What is Dry Eye Syndrome?
Dry Eye Syndrome is a very common, inconvenient and uncomfortable eye condition, characterized by a consistent lack of lubrication and moisture on the surface of the eye. Symptoms of dry eyes include stinging or burning of the eyes, scratchiness, and excessive irritation from smoke or wind. You may also notice that your eyes are exceedingly watery, as your eyes try, in vain, to produce enough tears to keep up with the rate of evaporation.
What Causes Dry Eye Syndrome?
Healthy eyes keep themselves lubricated and comfortable by producing tears at a slow and steady rate.
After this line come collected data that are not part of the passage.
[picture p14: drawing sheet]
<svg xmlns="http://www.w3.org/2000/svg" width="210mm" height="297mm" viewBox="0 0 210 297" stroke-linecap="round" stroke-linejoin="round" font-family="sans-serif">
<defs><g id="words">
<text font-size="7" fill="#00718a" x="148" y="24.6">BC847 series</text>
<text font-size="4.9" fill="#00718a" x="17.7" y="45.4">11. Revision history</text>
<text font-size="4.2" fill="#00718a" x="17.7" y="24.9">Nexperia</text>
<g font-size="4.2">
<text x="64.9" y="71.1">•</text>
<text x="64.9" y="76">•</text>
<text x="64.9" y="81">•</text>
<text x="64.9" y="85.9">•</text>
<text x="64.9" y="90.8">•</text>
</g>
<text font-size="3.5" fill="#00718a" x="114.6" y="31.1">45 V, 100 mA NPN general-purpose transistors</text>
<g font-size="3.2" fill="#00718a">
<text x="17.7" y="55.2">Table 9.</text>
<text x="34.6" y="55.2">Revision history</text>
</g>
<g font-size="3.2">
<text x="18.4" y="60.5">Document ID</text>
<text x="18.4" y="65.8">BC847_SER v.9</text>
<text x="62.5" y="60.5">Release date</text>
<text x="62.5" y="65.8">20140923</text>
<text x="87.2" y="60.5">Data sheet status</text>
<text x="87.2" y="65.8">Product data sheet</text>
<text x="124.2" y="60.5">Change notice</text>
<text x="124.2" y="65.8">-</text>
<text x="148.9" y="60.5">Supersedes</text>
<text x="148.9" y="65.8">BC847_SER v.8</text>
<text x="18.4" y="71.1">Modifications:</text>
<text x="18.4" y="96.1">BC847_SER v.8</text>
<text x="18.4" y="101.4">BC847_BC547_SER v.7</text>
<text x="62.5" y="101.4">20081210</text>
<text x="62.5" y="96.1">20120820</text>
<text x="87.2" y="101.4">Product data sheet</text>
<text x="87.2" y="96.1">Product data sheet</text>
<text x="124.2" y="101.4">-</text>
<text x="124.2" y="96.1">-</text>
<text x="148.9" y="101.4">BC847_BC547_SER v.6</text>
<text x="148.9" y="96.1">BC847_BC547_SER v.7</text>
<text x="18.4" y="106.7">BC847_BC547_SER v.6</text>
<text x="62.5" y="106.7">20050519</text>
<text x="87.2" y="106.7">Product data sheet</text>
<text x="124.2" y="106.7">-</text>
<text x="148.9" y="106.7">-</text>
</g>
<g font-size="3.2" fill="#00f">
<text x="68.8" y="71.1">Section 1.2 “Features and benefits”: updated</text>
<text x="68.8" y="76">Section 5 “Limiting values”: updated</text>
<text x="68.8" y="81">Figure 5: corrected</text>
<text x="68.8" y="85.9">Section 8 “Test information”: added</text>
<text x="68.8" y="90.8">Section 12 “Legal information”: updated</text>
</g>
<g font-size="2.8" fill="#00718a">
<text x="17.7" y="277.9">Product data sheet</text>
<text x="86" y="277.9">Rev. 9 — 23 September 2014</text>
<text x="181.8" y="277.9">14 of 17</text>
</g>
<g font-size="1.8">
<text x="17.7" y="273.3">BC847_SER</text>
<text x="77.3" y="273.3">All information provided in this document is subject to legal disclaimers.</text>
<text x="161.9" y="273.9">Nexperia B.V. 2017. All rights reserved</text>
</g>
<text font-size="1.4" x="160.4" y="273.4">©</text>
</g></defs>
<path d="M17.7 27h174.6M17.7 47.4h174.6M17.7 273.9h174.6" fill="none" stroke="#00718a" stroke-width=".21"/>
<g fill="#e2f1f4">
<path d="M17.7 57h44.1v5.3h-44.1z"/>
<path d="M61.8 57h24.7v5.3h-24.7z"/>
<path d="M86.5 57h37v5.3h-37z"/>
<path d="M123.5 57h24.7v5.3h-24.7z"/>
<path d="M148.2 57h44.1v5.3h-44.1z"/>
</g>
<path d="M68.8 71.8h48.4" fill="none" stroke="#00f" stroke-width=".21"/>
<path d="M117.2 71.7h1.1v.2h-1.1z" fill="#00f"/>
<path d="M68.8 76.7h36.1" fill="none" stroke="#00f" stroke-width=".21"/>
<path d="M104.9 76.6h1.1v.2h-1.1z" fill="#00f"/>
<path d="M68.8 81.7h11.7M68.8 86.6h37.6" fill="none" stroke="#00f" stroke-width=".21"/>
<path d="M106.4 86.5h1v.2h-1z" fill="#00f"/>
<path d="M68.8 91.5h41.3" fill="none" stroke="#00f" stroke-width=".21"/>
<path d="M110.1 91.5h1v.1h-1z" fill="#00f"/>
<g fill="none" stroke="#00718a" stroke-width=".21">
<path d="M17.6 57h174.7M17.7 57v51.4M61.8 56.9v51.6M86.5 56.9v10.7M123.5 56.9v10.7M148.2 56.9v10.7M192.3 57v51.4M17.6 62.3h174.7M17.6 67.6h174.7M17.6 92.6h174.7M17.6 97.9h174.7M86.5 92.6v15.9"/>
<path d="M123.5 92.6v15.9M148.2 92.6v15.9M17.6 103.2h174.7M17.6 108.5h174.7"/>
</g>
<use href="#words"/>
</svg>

In order to do their job, these tears must have three essential layers:
- The outermost layer of the tear is oily, and its main purpose is to keep the tear from evaporating too quickly.
- The middle layer of the tear is watery, and makes up the majority of each tear. This layer cleans the eye and helps to wash away small foreign objects and particles.
- The core of each tear is a mucus that allows the watery middle layer to stick to the eye, spreading evenly over the surface of the eye in order to keep it lubricated.
In a person with dry eyes, hormonal changes, side effects from medication, exceedingly dry or windy environments or some other factor can causes the eye to either not produce enough tears, or leave out one or more of the parts of the tear, outlined above, that make proper lubrication possible.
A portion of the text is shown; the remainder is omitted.